Please initial every paragraph of this form that has the words "Initial    " to confirm that you 
have read and understood that paragraph. If you do not understand or accept any paragraph, please advise your doctor or medical technician and do not place your initials on this form. If you have any questions regarding the treatment, ask your doctor or medical technician prior to signing the consent form. You may withdraw consent at any time by telling the doctor or medical technician performing the treatment.


THE TREATMENT
Dermal fillers (such as Juvederm, Restylane, Teosyal and others) can smooth out facial folds and wrinkles, add volume to the lips, and contour facial features that have lost their volume and fullness due to aging, sun exposure,
illness, etc. Dermal fillers are temporary injectable implants made from hyaluronic acid and may also include numbing agents such as lidocaine. These dermal fillers are injected under the skin with a very fine needle and the area is massaged to ensure optimal placement. Depending on the area of treatment, several injections may be
required. As with any injection, you may experience some temporary discomfort but most patients find the treatment tolerable. The results can often be seen immediately and no recovery time is required. Your treatment may be performed by a doctor or a medical technician. 
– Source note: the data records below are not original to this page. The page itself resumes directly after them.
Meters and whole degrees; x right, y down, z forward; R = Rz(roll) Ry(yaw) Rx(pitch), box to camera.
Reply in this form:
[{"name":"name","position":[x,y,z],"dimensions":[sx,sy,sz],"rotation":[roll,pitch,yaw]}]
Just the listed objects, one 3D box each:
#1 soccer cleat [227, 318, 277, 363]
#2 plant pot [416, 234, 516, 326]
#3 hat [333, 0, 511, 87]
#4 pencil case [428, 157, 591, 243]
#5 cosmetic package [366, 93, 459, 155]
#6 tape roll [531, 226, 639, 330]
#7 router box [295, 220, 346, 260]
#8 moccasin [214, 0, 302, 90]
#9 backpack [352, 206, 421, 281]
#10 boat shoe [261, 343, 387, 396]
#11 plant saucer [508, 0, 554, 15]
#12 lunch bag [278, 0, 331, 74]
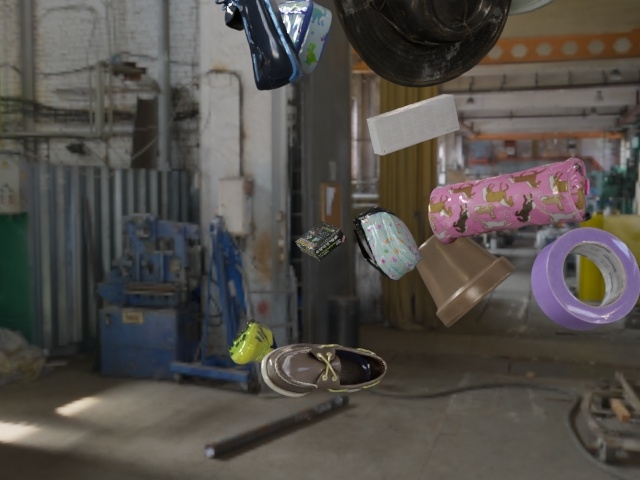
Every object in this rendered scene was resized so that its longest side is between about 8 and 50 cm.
[{"name":"soccer cleat","position":[-0.156,0.266,1.865],"dimensions":[0.121,0.093,0.289],"rotation":[41,2,0]},{"name":"plant pot","position":[0.396,0.083,2.164],"dimensions":[0.263,0.229,0.263],"rotation":[-38,-11,-9]},{"name":"hat","position":[0.170,-0.391,1.097],"dimensions":[0.331,0.332,0.134],"rotation":[-1,15,-15]},{"name":"pencil case","position":[0.452,-0.091,1.813],"dimensions":[0.386,0.167,0.160],"rotation":[-11,41,34]},{"name":"cosmetic package","position":[0.248,-0.311,1.988],"dimensions":[0.238,0.099,0.060],"rotation":[-19,17,-16]},{"name":"tape roll","position":[0.512,0.075,1.442],"dimensions":[0.188,0.189,0.080],"rotation":[0,-16,-7]},{"name":"router box","position":[0.000,0.000,1.918],"dimensions":[0.092,0.038,0.122],"rotation":[-38,23,-13]},{"name":"moccasin","position":[-0.153,-0.477,1.553],"dimensions":[0.116,0.342,0.137],"rotation":[-24,-9,12]},{"name":"backpack","position":[0.175,0.009,1.878],"dimensions":[0.152,0.182,0.115],"rotation":[25,-56,-38]},{"name":"boat shoe","position":[0.014,0.281,1.639],"dimensions":[0.324,0.117,0.096],"rotation":[14,-29,-44]},{"name":"plant saucer","position":[0.277,-0.565,1.211],"dimensions":[0.100,0.401,0.400],"rotation":[-25,19,-36]},{"name":"lunch bag","position":[-0.064,-0.513,1.862],"dimensions":[0.090,0.176,0.219],"rotation":[17,7,-30]}]

You are aware that this treatment involves the injection of a temporary implant below the skin and that several injections may be required. You are aware that your treatment may be performed by either a doctor or a medical technician. 




This treatment should not be performed at the same time as other skin treatments such as chemical peels, dermabrasion, or laser treatments and a minimum of two weeks is required in between treatments. This treatment may not be suitable for those who have had or plan to have facial surgery. 




 RESULTS
Dermal fillers are used to produce volume under the skin to make areas such as cheeks and lips appear fuller, to lift and smooth wrinkles and folds. Dermal fillers are approved by Health Canada and have been shown to be safe and effective when compared to collagen skin implants and related products to fill in wrinkles, lines and folds in the skin on the face. However, like any cosmetic treatment, there is no guarantee that you will be completely satisfied. There is no guarantee that wrinkles and folds will disappear completely, or that you will not require additional treatment to achieve the results you seek. The effects of this treatment are dependent on many factors, including but not limited to age, sex, tissue conditions, general health and lifestyle conditions, and sun exposure. Dermal fillers are non-permanent because the body absorbs hyaluronic acid slowly over time. Additional treatments will be required periodically, generally within 4-6 months, for the effect to continue. Following post-treatment care, instructions provided by your doctor or medical technician are recommended to maximize your results.





You are aware that follow-up treatments will be needed to maintain or enhance the effects of this treatment. You are aware that the effects of treatment, depending on the above-listed factors, may last up to 6 months and in some cases shorter and some cases longer. You have been instructed in and understand the post-treatment instructions.



RISKS AND COMPLICATIONS
Before undergoing this treatment, understanding the risks is essential. No treatment is completely risk-free. Below is a list of the known risks of this treatment but there may be unforeseen risks and risks that are not included on this list. Some of these risks, if they occur, may require hospitalization or extended outpatient therapy to treat.
There are certain inherent and potential risks and side effects in any invasive treatment and in this specific instance such risks include but are not limited to:
1) Post-treatment discomfort, swelling, redness, bruising, and discoloration;
2) Post-treatment infection associated with any transcutaneous injection;
3)    Allergic reaction;
4)    Reactivation of herpes (cold sores);
5)    Lumpiness, visible yellow or white patches;
6)    Granuloma formation;
7)    Blood vessel occlusion causing localized necrosis and/or sloughing of skin, with scab and/or without a scab.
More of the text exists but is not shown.